**Required work**
The reply should hold only the lines from the one with "metal cylinder [243,84,319,186]." to the one with "5. small metal block (99, 28, 152, 80)", both ends kept, exactly as they appear below, without any pictures.

Exercise inputs Start Marker

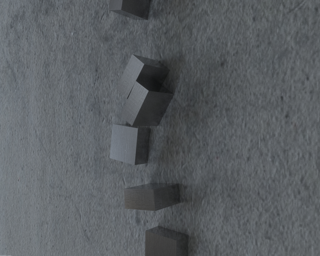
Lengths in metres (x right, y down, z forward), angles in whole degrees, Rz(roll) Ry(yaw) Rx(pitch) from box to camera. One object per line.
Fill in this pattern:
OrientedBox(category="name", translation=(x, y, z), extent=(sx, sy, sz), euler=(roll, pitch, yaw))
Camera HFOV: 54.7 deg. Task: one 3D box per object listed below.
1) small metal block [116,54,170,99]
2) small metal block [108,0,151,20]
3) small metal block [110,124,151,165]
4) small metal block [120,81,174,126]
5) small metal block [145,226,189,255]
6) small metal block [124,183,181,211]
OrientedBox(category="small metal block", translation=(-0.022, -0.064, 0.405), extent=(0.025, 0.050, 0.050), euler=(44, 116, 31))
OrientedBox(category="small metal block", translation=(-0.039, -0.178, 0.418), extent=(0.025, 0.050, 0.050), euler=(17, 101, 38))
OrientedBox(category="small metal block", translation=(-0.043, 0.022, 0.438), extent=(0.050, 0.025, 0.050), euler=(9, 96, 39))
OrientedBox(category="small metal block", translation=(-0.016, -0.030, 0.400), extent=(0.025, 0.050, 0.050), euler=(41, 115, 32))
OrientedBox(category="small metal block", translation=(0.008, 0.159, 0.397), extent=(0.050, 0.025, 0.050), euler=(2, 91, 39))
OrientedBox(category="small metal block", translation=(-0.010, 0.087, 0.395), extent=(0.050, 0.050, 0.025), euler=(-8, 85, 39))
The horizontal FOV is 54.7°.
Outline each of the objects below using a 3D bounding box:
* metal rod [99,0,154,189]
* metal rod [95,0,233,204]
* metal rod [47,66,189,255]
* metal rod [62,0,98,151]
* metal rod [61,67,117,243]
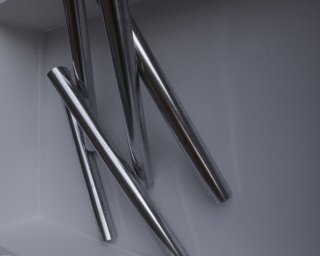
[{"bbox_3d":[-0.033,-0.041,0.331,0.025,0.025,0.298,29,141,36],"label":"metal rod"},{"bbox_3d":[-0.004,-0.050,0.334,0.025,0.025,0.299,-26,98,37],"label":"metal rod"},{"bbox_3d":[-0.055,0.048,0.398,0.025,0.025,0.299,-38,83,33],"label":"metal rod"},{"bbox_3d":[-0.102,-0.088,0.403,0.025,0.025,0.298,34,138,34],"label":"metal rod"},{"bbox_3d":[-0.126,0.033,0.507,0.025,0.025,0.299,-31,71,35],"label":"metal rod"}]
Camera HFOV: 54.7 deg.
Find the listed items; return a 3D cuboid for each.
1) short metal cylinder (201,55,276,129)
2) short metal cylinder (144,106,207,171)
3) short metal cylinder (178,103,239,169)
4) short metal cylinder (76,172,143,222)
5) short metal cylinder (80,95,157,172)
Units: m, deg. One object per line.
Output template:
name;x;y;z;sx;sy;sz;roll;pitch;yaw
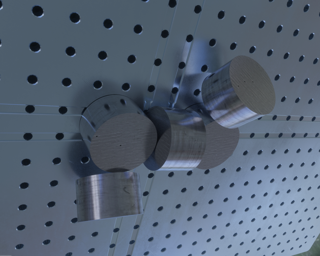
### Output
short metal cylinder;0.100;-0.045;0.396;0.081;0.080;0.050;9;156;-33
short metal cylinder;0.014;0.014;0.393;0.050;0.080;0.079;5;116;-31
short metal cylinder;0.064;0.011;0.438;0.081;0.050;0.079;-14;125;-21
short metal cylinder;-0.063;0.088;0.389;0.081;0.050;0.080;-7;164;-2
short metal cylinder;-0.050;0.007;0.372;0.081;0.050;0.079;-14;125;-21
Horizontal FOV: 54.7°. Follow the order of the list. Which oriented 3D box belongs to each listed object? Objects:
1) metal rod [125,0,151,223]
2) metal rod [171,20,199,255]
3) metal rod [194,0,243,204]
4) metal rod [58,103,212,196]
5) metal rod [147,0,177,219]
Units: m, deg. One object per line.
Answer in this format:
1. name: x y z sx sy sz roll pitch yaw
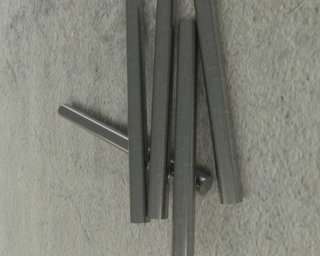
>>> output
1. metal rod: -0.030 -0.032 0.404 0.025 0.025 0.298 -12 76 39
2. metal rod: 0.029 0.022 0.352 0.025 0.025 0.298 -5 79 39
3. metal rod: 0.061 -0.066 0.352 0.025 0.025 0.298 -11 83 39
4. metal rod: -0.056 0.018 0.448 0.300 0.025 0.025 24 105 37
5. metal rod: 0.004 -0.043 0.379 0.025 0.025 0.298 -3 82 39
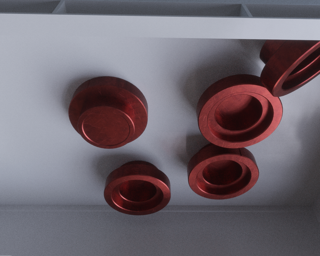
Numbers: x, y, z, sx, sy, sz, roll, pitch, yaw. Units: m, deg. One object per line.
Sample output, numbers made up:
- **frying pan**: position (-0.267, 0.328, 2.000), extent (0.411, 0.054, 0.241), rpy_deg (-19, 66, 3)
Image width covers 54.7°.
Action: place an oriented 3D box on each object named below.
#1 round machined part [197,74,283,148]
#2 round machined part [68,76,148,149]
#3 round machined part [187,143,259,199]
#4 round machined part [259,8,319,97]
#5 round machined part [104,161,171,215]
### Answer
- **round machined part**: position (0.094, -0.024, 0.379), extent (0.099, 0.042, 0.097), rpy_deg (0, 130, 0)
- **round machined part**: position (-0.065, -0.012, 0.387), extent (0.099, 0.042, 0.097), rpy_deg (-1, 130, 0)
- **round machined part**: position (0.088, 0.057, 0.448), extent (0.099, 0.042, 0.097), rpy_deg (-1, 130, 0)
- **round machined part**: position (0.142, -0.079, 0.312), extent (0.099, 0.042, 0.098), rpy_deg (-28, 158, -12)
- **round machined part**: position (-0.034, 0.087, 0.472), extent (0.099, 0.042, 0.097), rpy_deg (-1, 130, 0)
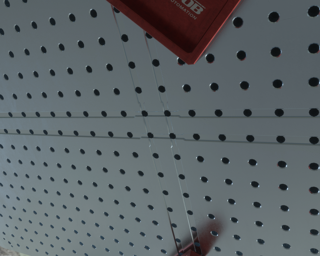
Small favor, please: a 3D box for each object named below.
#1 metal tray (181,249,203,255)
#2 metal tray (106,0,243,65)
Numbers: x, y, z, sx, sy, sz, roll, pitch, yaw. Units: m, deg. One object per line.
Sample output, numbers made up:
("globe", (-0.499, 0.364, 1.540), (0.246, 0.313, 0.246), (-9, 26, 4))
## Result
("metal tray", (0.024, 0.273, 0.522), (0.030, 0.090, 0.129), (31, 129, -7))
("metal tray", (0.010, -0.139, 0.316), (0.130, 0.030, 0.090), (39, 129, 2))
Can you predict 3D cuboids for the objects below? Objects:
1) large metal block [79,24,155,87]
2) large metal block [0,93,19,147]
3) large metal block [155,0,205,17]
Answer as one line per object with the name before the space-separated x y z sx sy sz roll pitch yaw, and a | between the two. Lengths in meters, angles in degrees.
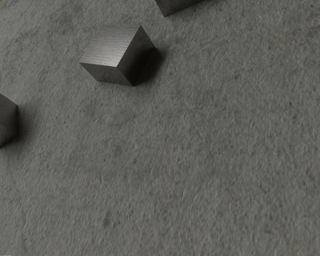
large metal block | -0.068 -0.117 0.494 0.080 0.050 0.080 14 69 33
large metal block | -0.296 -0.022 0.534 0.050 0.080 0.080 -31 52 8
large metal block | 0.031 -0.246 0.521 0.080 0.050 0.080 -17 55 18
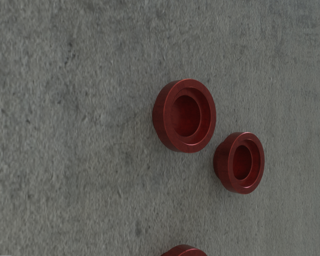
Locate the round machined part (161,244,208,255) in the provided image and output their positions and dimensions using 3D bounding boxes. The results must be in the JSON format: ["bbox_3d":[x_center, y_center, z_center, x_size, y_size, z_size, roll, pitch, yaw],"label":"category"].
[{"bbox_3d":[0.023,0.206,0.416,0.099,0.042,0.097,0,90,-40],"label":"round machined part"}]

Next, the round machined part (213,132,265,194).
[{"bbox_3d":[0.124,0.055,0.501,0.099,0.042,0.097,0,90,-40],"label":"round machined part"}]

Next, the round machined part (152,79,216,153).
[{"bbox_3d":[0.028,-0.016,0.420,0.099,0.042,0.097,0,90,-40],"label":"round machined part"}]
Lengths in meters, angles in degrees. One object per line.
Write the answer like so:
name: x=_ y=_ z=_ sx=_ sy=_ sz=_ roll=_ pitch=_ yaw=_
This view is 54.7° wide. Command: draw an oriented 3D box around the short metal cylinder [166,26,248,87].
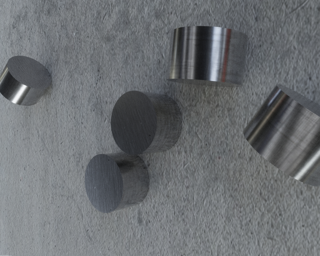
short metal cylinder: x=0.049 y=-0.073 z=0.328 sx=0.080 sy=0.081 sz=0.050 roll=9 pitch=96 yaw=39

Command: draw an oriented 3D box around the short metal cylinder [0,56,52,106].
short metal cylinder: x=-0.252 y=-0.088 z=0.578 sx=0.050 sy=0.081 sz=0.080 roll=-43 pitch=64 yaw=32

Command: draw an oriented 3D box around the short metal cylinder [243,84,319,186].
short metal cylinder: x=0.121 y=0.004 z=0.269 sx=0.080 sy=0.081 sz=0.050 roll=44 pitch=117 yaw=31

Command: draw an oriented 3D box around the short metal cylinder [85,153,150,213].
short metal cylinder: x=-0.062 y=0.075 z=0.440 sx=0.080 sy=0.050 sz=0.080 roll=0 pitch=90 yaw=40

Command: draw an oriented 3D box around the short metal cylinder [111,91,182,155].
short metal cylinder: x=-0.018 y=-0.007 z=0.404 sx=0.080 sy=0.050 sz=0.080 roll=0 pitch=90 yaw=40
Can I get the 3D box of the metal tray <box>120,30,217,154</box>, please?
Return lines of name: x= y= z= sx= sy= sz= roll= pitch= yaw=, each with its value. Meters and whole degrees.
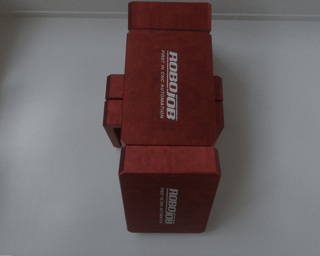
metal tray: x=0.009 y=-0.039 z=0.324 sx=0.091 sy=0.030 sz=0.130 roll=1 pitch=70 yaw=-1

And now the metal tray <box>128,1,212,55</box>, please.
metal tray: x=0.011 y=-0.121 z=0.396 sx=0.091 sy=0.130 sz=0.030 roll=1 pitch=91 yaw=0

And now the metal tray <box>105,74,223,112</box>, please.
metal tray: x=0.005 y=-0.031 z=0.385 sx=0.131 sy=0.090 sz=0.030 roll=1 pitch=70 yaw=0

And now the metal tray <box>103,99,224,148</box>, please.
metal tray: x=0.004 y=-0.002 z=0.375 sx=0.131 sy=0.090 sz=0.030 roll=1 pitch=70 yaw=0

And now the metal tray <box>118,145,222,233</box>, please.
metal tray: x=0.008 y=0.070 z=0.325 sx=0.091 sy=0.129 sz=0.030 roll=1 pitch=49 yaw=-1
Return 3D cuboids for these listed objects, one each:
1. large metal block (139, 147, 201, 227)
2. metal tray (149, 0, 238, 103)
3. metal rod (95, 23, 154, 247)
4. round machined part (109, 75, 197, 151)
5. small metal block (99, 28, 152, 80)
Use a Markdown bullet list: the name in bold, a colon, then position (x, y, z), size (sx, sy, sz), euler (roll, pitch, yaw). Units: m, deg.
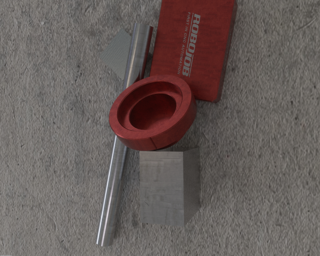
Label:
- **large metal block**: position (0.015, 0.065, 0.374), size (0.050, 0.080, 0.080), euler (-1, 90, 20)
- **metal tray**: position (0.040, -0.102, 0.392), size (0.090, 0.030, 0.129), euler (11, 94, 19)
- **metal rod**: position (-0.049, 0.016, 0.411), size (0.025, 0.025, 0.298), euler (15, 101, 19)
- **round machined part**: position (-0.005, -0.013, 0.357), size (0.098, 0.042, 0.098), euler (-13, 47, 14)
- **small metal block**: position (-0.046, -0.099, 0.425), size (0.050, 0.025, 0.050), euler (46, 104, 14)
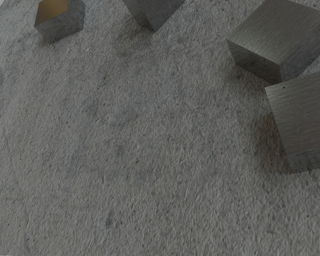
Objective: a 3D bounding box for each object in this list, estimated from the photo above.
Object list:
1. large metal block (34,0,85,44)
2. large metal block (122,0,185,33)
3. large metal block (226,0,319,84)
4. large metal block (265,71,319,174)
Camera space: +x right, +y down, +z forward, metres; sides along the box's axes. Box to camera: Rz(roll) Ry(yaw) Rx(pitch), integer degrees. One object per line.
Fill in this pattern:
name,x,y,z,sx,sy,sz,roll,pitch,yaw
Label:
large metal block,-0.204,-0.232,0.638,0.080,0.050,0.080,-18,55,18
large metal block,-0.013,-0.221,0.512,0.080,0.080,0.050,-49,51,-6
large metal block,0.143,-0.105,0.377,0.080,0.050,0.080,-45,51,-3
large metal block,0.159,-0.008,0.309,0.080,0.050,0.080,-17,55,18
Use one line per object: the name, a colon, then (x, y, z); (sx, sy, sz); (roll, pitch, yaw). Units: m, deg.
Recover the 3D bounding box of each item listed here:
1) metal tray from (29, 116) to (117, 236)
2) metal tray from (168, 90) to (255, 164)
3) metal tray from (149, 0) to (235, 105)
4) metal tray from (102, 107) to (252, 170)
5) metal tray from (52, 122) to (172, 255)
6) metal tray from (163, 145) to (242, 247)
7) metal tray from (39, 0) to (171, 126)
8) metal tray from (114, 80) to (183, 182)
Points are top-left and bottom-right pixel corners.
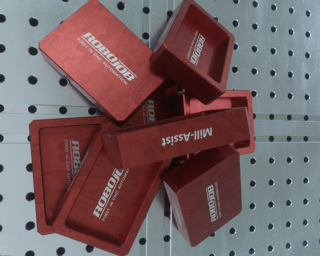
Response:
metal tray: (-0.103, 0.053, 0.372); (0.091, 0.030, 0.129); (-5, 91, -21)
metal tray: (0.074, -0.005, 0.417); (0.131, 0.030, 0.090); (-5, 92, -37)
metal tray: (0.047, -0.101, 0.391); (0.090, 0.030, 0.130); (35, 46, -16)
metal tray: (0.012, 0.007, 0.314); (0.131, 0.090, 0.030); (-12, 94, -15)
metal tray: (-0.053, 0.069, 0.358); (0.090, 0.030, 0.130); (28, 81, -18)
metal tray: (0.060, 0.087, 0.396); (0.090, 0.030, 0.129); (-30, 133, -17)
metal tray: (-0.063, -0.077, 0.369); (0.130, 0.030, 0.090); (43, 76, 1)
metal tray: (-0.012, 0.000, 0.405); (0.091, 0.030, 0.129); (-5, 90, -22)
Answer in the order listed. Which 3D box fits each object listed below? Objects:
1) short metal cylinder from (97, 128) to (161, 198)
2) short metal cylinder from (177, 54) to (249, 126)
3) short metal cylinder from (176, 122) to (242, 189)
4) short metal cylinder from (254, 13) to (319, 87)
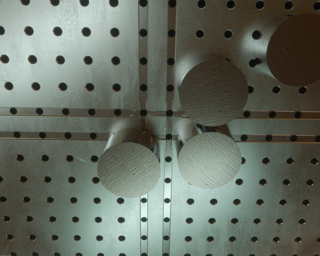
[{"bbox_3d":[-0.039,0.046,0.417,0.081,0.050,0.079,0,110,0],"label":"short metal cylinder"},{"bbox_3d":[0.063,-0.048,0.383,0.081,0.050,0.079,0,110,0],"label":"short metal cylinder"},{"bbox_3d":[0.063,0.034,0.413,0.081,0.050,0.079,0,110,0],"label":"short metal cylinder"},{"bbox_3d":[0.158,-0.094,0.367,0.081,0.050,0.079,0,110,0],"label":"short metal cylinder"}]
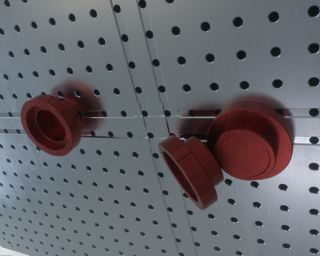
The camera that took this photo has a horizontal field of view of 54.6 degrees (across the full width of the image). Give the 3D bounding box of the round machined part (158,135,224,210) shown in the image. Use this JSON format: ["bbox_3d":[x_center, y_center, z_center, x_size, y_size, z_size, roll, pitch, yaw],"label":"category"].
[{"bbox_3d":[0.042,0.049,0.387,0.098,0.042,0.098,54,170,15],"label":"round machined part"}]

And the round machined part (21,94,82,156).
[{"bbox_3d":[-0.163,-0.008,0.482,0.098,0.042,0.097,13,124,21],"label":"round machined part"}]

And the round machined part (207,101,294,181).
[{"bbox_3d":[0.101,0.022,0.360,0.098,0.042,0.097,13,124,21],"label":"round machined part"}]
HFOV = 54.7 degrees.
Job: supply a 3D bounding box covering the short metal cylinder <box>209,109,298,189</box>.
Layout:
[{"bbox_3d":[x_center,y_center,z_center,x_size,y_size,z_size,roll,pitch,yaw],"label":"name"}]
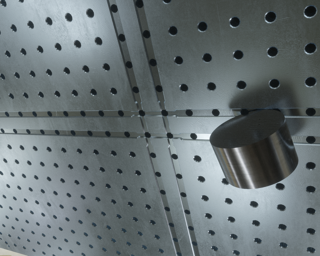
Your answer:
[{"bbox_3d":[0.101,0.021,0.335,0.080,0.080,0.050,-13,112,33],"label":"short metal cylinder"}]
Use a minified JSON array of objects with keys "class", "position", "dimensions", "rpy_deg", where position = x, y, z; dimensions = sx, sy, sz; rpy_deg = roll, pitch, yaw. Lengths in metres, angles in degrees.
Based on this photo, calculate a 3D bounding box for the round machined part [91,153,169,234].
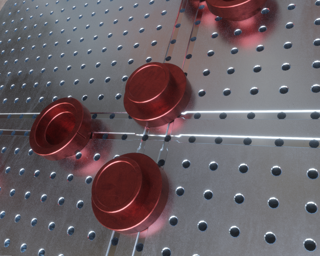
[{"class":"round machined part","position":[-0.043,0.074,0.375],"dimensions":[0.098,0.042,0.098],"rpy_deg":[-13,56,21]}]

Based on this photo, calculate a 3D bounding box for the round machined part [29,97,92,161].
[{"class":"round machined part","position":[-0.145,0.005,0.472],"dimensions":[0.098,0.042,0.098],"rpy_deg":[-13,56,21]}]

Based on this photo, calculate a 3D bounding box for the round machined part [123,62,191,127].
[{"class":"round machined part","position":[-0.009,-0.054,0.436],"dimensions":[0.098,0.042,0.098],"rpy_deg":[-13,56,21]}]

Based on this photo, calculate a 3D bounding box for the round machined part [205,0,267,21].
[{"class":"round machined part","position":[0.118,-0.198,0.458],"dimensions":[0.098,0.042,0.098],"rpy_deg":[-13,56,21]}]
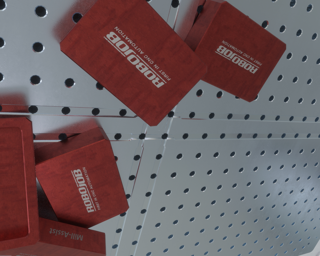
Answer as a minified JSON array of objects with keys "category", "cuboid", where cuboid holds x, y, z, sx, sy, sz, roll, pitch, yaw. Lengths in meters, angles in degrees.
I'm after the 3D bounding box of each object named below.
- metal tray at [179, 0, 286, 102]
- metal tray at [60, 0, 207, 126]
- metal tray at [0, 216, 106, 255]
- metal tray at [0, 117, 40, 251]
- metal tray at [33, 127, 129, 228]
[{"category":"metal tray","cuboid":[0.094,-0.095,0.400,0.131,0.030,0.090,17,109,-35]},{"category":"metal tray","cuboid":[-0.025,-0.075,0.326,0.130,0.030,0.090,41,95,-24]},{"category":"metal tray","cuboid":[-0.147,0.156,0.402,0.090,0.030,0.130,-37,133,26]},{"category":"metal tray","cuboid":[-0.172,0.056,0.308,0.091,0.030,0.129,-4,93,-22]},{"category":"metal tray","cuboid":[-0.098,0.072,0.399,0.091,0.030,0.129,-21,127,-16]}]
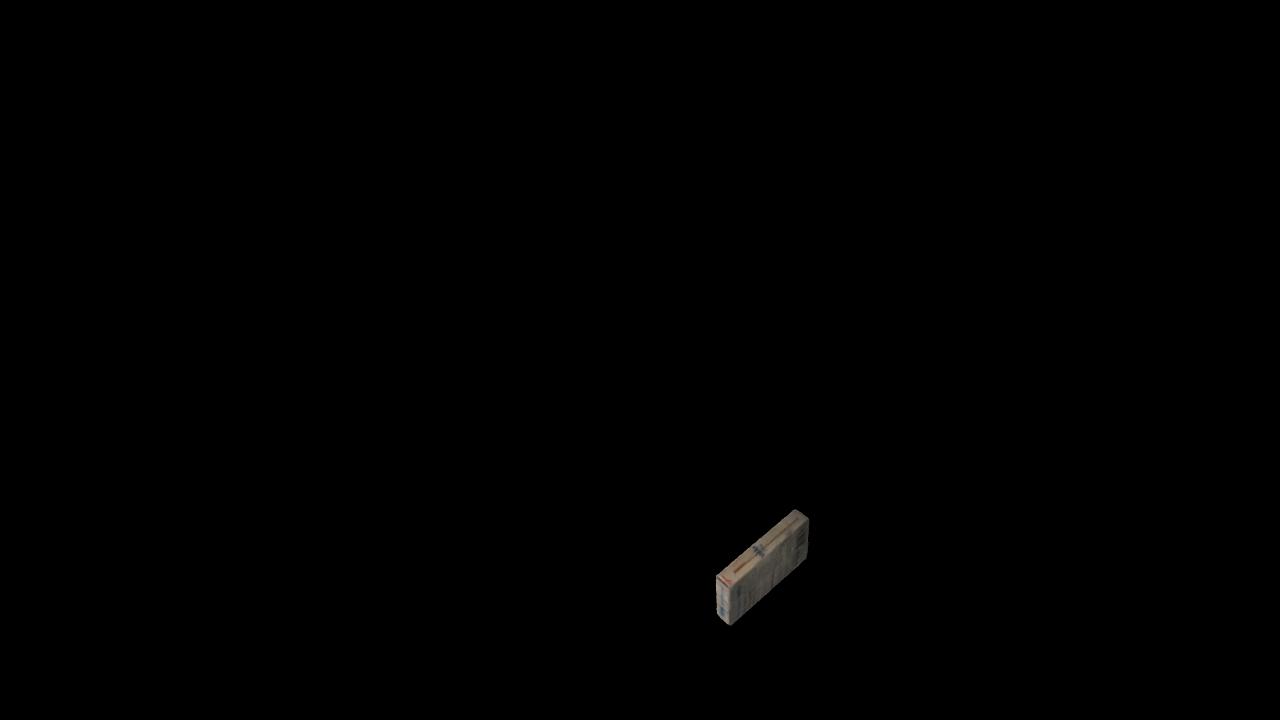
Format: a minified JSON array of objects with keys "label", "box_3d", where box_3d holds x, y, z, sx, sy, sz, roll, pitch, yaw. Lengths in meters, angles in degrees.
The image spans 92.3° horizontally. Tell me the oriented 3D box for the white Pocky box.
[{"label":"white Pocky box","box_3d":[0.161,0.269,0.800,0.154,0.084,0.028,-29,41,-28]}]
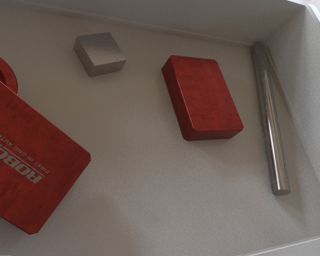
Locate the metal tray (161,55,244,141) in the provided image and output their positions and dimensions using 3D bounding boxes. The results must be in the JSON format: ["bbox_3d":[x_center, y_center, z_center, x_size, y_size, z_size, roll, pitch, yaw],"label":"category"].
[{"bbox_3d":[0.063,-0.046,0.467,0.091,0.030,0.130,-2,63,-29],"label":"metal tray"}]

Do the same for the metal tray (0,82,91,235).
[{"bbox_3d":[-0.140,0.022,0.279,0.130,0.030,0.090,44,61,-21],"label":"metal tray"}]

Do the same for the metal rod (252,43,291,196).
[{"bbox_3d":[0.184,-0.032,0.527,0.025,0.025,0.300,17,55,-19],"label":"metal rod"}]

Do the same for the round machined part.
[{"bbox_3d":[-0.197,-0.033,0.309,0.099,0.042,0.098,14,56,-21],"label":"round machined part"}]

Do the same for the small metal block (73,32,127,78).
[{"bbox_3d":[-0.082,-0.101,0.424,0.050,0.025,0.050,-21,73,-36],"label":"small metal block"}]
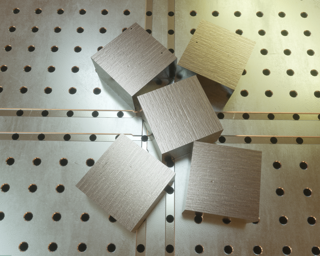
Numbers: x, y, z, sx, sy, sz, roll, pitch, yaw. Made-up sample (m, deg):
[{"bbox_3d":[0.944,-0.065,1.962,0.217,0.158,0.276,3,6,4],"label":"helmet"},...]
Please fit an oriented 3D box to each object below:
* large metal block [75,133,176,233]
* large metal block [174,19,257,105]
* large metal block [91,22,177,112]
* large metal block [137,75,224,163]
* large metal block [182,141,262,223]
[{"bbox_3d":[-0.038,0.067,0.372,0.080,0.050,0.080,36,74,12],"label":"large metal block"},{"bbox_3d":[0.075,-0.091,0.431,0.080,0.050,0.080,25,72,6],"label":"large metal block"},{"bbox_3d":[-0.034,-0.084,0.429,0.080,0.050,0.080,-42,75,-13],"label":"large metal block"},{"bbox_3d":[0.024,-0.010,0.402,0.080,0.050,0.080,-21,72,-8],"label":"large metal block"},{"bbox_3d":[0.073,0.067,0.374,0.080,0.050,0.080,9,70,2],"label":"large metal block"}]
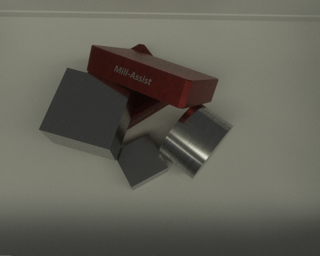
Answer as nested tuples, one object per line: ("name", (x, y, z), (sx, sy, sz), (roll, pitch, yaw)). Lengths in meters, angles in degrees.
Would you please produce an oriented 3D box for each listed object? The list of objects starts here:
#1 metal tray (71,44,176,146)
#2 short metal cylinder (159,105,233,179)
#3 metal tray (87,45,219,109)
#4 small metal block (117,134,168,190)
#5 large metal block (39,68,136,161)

Exercise inputs End Marker

**Your solution**
Command: draw an oriented 3D box around the short metal cylinder [243,84,319,186].
short metal cylinder: x=0.121 y=0.004 z=0.269 sx=0.080 sy=0.081 sz=0.050 roll=44 pitch=117 yaw=31

Command: draw an oriented 3D box around the short metal cylinder [85,153,150,213].
short metal cylinder: x=-0.062 y=0.075 z=0.440 sx=0.080 sy=0.050 sz=0.080 roll=0 pitch=90 yaw=40

Command: draw an oriented 3D box around the short metal cylinder [111,91,182,155].
short metal cylinder: x=-0.018 y=-0.007 z=0.404 sx=0.080 sy=0.050 sz=0.080 roll=0 pitch=90 yaw=40
Can I get the 3D box of the metal tray <box>120,30,217,154</box>, please?
Return lines of name: x= y= z= sx= sy= sz= roll= pitch= yaw=, each with its value. Meters and whole degrees.
metal tray: x=0.009 y=-0.039 z=0.324 sx=0.091 sy=0.030 sz=0.130 roll=1 pitch=70 yaw=-1

And now the metal tray <box>128,1,212,55</box>, please.
metal tray: x=0.011 y=-0.121 z=0.396 sx=0.091 sy=0.130 sz=0.030 roll=1 pitch=91 yaw=0

And now the metal tray <box>105,74,223,112</box>, please.
metal tray: x=0.005 y=-0.031 z=0.385 sx=0.131 sy=0.090 sz=0.030 roll=1 pitch=70 yaw=0

And now the metal tray <box>103,99,224,148</box>, please.
metal tray: x=0.004 y=-0.002 z=0.375 sx=0.131 sy=0.090 sz=0.030 roll=1 pitch=70 yaw=0

And now the metal tray <box>118,145,222,233</box>, please.
metal tray: x=0.008 y=0.070 z=0.325 sx=0.091 sy=0.129 sz=0.030 roll=1 pitch=49 yaw=-1
Return 3D cuboids for these listed objects, one each:
1. large metal block (139, 147, 201, 227)
2. metal tray (149, 0, 238, 103)
3. metal rod (95, 23, 154, 247)
4. round machined part (109, 75, 197, 151)
5. small metal block (99, 28, 152, 80)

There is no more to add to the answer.